▶ [Exercise prompt]: Beginning with the line that contains "How many minutes" and ending with the line that contains "Provide a one-sentence", reproduce the lines of the entries below exactly, omitting pictures.

(Records from a collection)
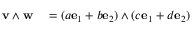Convert formula to latex. <formula><loc_0><loc_0><loc_500><loc_500>\begin{array} { r l } { { v } \wedge { w } } & = ( a { e } _ { 1 } + b { e } _ { 2 } ) \wedge ( c { e } _ { 1 } + d { e } _ { 2 } ) } \end{array}</formula> 
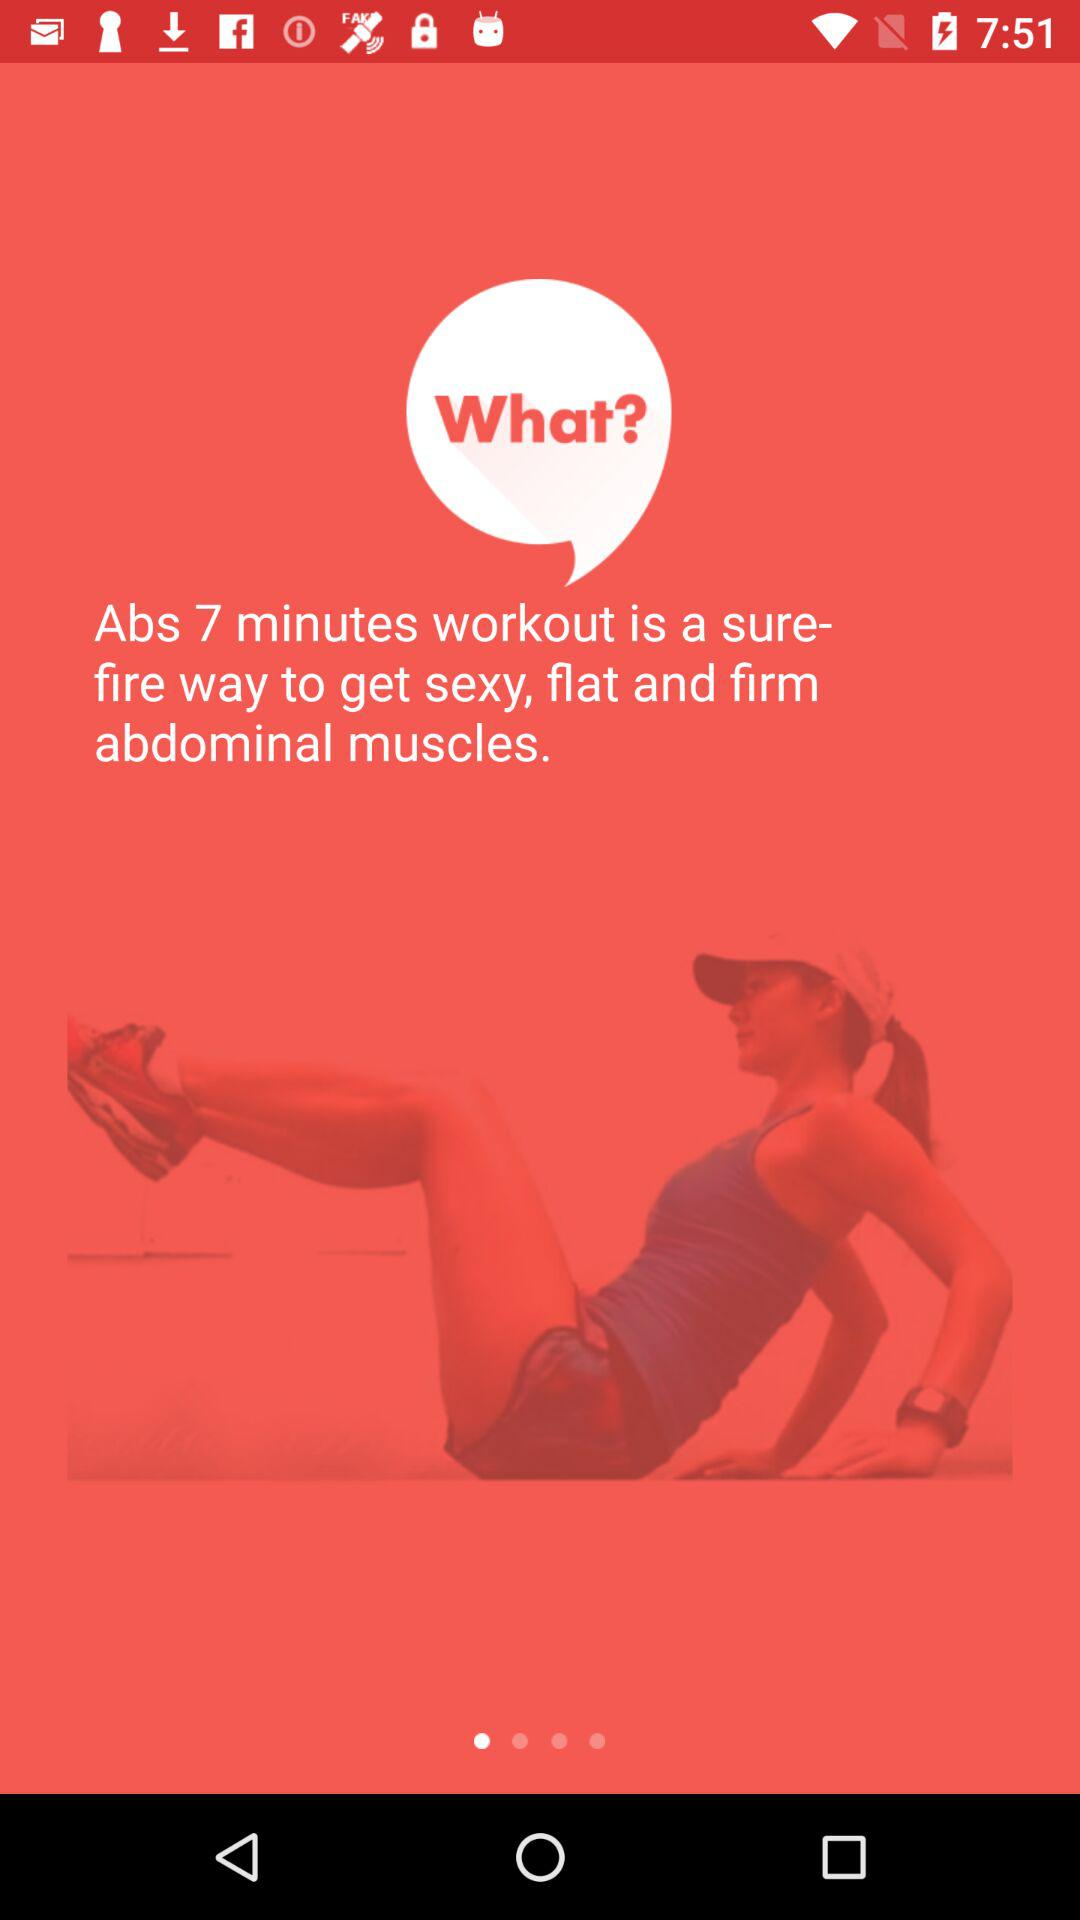How many minutes does it take to get firm arm muscles?
When the provided information is insufficient, respond with <no answer>. <no answer> 
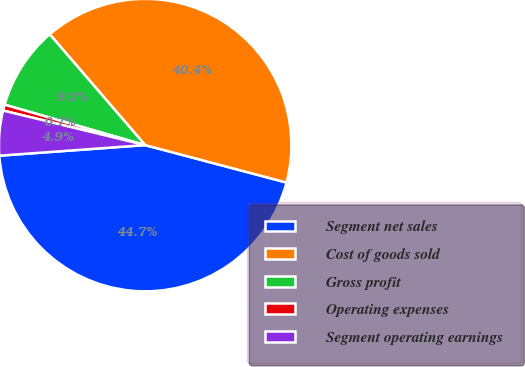Convert chart. <chart><loc_0><loc_0><loc_500><loc_500><pie_chart><fcel>Segment net sales<fcel>Cost of goods sold<fcel>Gross profit<fcel>Operating expenses<fcel>Segment operating earnings<nl><fcel>44.73%<fcel>40.44%<fcel>9.23%<fcel>0.66%<fcel>4.95%<nl></chart> 
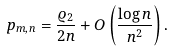Convert formula to latex. <formula><loc_0><loc_0><loc_500><loc_500>p _ { m , n } = \frac { \varrho _ { 2 } } { 2 n } + O \left ( \frac { \log n } { n ^ { 2 } } \right ) .</formula> 
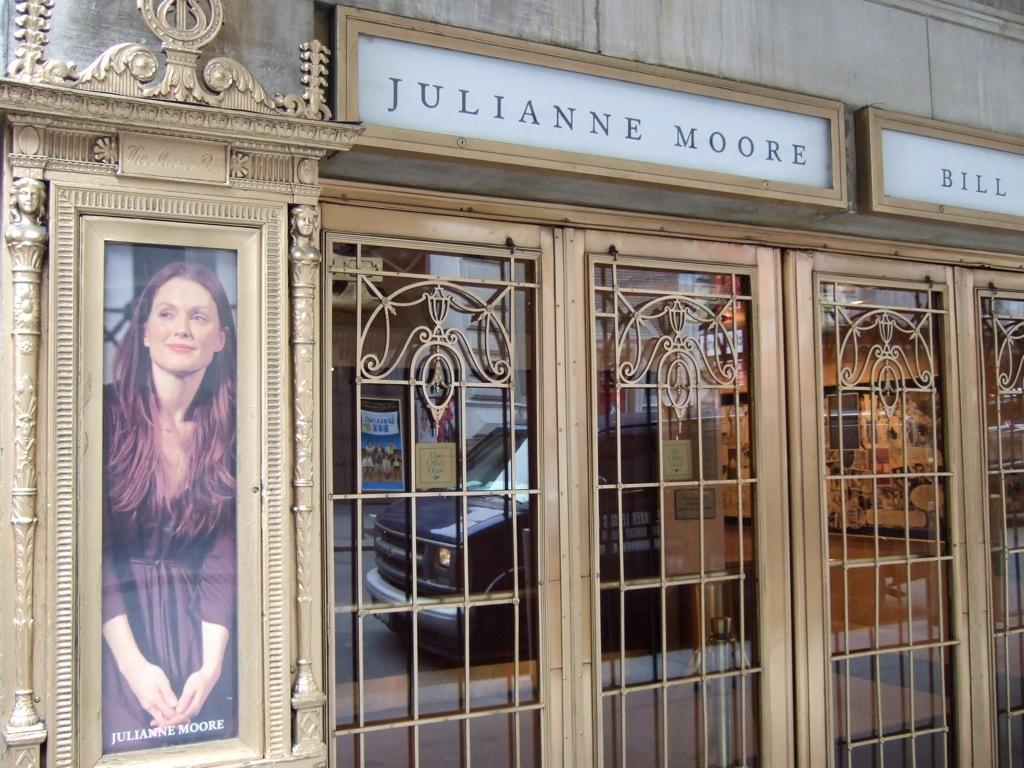Provide a one-sentence caption for the provided image. Julianne moore sign above a building including her picture on the left side. 
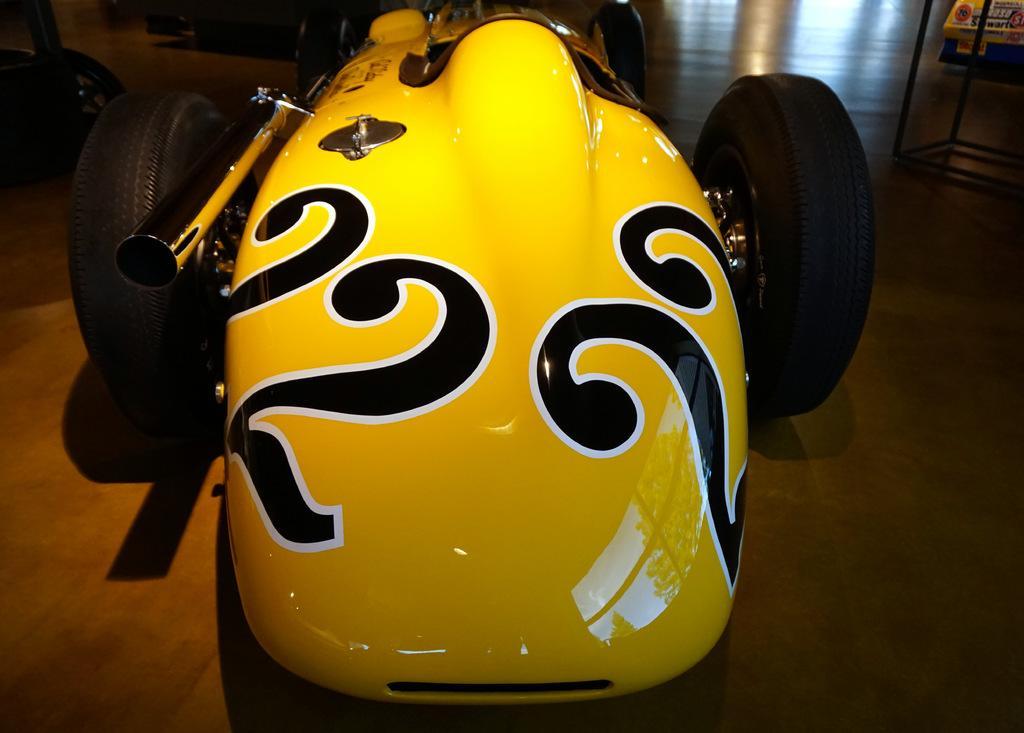How would you summarize this image in a sentence or two? In this image there is a yellow vehicle. In the background there are few other vehicles on the floor. 
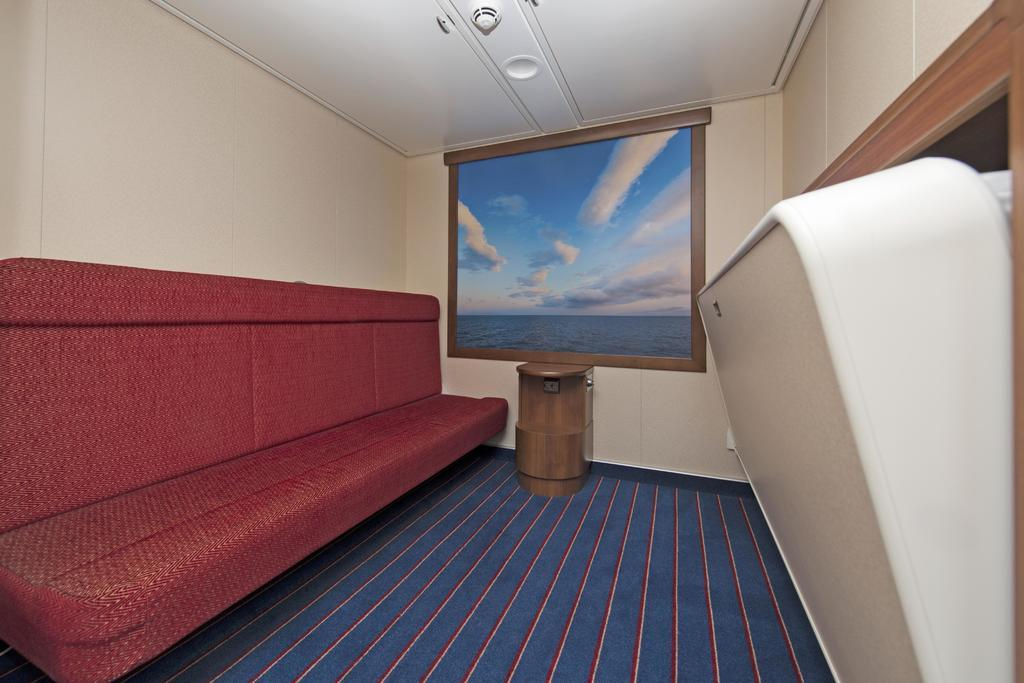What type of furniture is present in the image? There is a sofa and a table in the image. What color is the floor in the image? The floor is blue in the image. What color is the background in the image? The background is white in the image. What type of lead can be seen connecting the sofa and the table in the image? There is no lead connecting the sofa and the table in the image.

▶ [Written reply]:
How many minutes does it take to get firm arm muscles?
When the provided information is insufficient, respond with <no answer>. <no answer> 
Convert chart. <chart><loc_0><loc_0><loc_500><loc_500><pie_chart><fcel>Segment net sales<fcel>Cost of goods sold<fcel>Gross profit<fcel>Operating expenses<fcel>Segment operating earnings<nl><fcel>44.73%<fcel>40.44%<fcel>9.23%<fcel>0.66%<fcel>4.95%<nl></chart> 
Convert formula to latex. <formula><loc_0><loc_0><loc_500><loc_500>p _ { m , n } = \frac { \varrho _ { 2 } } { 2 n } + O \left ( \frac { \log n } { n ^ { 2 } } \right ) .</formula> 
Provide a one-sentence caption for the provided image. Julianne moore sign above a building including her picture on the left side. 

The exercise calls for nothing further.